Le 27 juillet 1907, il fut ordonné prêtre par Louis-Nazaire Bégin, archevêque (plus tard cardinal) de Québec. Outre ses nombreuses tâches sacerdotales et religieuses, il participa activement à la vie littéraire canadienne-française, notamment comme collaborateur auprès de divers journaux et périodiques, dont Le Devoir ; la Revue canadienne ; La Nouvelle-France ; la Revue dominicaine, etc. En 1909, on lui confia la composition d'un recueil de poésies, intitulé Chants séculaires, pour souligner le 250e anniversaire de la fondation de l'Hôtel-Dieu de Montréal. En 1911, il devint membre du bureau directeur de l'École sociale populaire.
En 1920, il retourna en France, où il poursuivit ses œuvres sacerdotales et franciscaines, notamment par sa plume en publiant de nombreux livres et articles.
Valentin-Marie Breton est mort à Paris 6 juillet 1957. Les archives historiques de Lévis possèdent un fonds de lui.
(Source : Yvonne Bougé, Frère mineur, Père majeur : le Père Valentin-Marie Breton, Mulhouse, éditions Salvator, 1958).
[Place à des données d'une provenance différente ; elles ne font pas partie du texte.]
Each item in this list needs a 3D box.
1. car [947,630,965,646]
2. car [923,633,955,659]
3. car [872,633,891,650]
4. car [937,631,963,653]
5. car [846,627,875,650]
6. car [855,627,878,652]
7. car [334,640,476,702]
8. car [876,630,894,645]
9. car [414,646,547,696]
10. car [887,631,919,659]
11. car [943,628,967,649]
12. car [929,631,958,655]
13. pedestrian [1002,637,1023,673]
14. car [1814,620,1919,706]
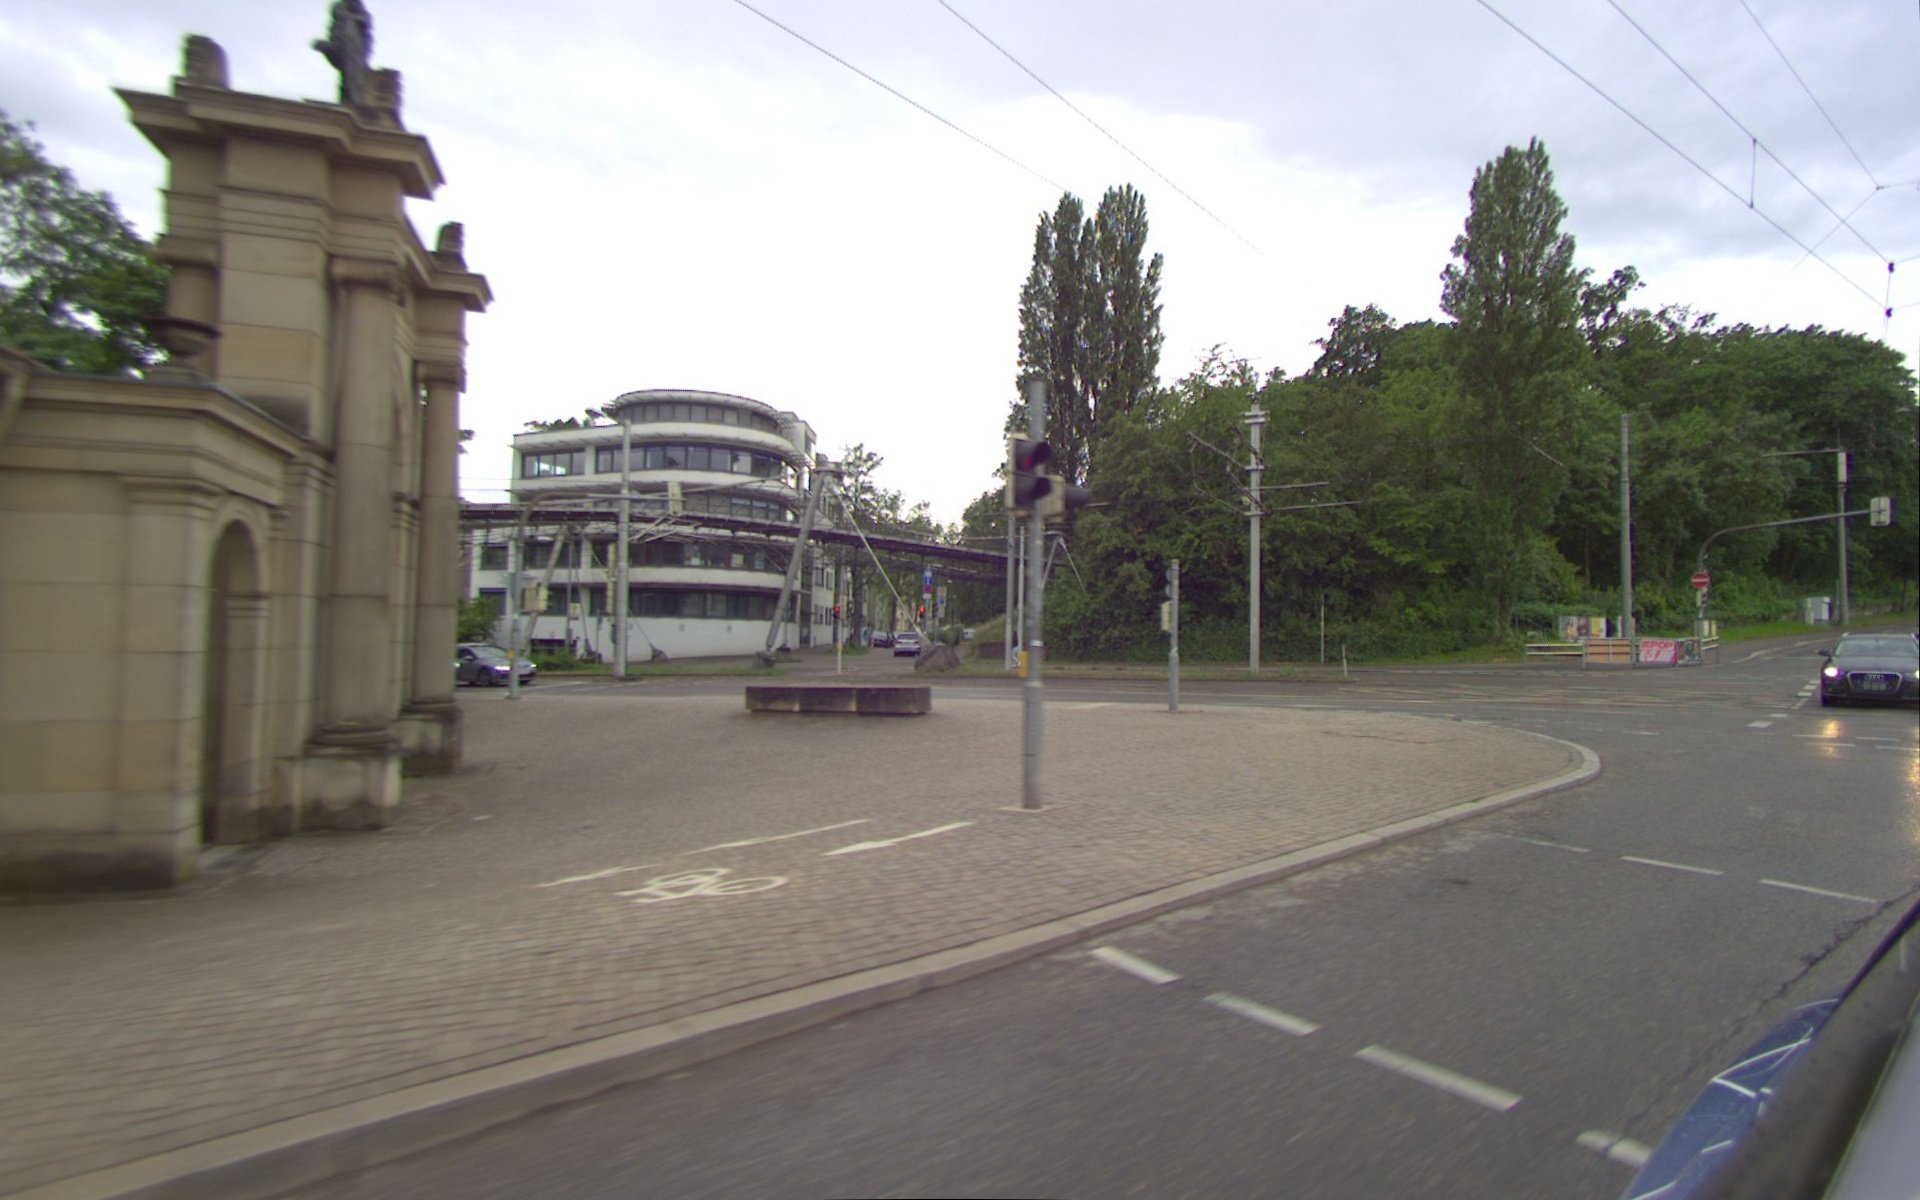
[{"bbox_3d":[-0.430,3.913,104.520,1.704,1.581,3.752,-2,-1,-1],"label":"car"},{"bbox_3d":[-1.386,3.023,67.203,1.707,1.581,3.747,-2,-1,4],"label":"car"},{"bbox_3d":[-7.199,3.779,92.800,1.528,1.413,3.150,-2,-1,-1],"label":"car"},{"bbox_3d":[-0.787,3.283,79.407,1.707,1.581,3.747,-2,-1,4],"label":"car"},{"bbox_3d":[-7.181,2.771,73.256,1.604,1.581,3.376,-2,-1,2],"label":"car"},{"bbox_3d":[-7.863,3.266,85.075,1.603,2.003,3.379,-2,-2,-1],"label":"car"},{"bbox_3d":[-18.067,2.269,32.934,4.220,1.756,1.982,-2,1,27],"label":"car"},{"bbox_3d":[-7.285,3.610,98.238,1.528,1.413,3.150,-2,-1,-1],"label":"car"},{"bbox_3d":[-16.618,2.430,35.087,4.220,1.473,1.982,-2,1,27],"label":"car"},{"bbox_3d":[-3.432,2.756,61.979,1.604,1.581,3.749,-2,-1,2],"label":"car"},{"bbox_3d":[-0.414,3.185,84.344,1.707,1.581,3.747,-2,-1,4],"label":"car"},{"bbox_3d":[-1.138,3.058,72.594,1.707,1.581,3.747,-2,-1,4],"label":"car"},{"bbox_3d":[2.379,2.477,45.610,0.650,1.575,0.801,-2,-4,32],"label":"pedestrian"},{"bbox_3d":[20.112,1.273,21.604,3.923,1.608,1.857,0,-1,-34],"label":"car"}]

Pour consulter ou télécharger gratuitement les Chants séculaires
composés par Valentin-Marie Breton o.f.m. pour célébrer le 250e
anniversaire de la fondation par Jeanne Mance de l'Hôtel-Dieu
de Montréal, et d'où sont tirés les fragments présentés ci-haut,
cliquer sur cette image :
(Photo de V.-M. Breton : Yvonne Bougé, Frère mineur, Père Majeur :
le Père Valentin-Marie-Breton, Mulhouse, éditions Salvator, 1958)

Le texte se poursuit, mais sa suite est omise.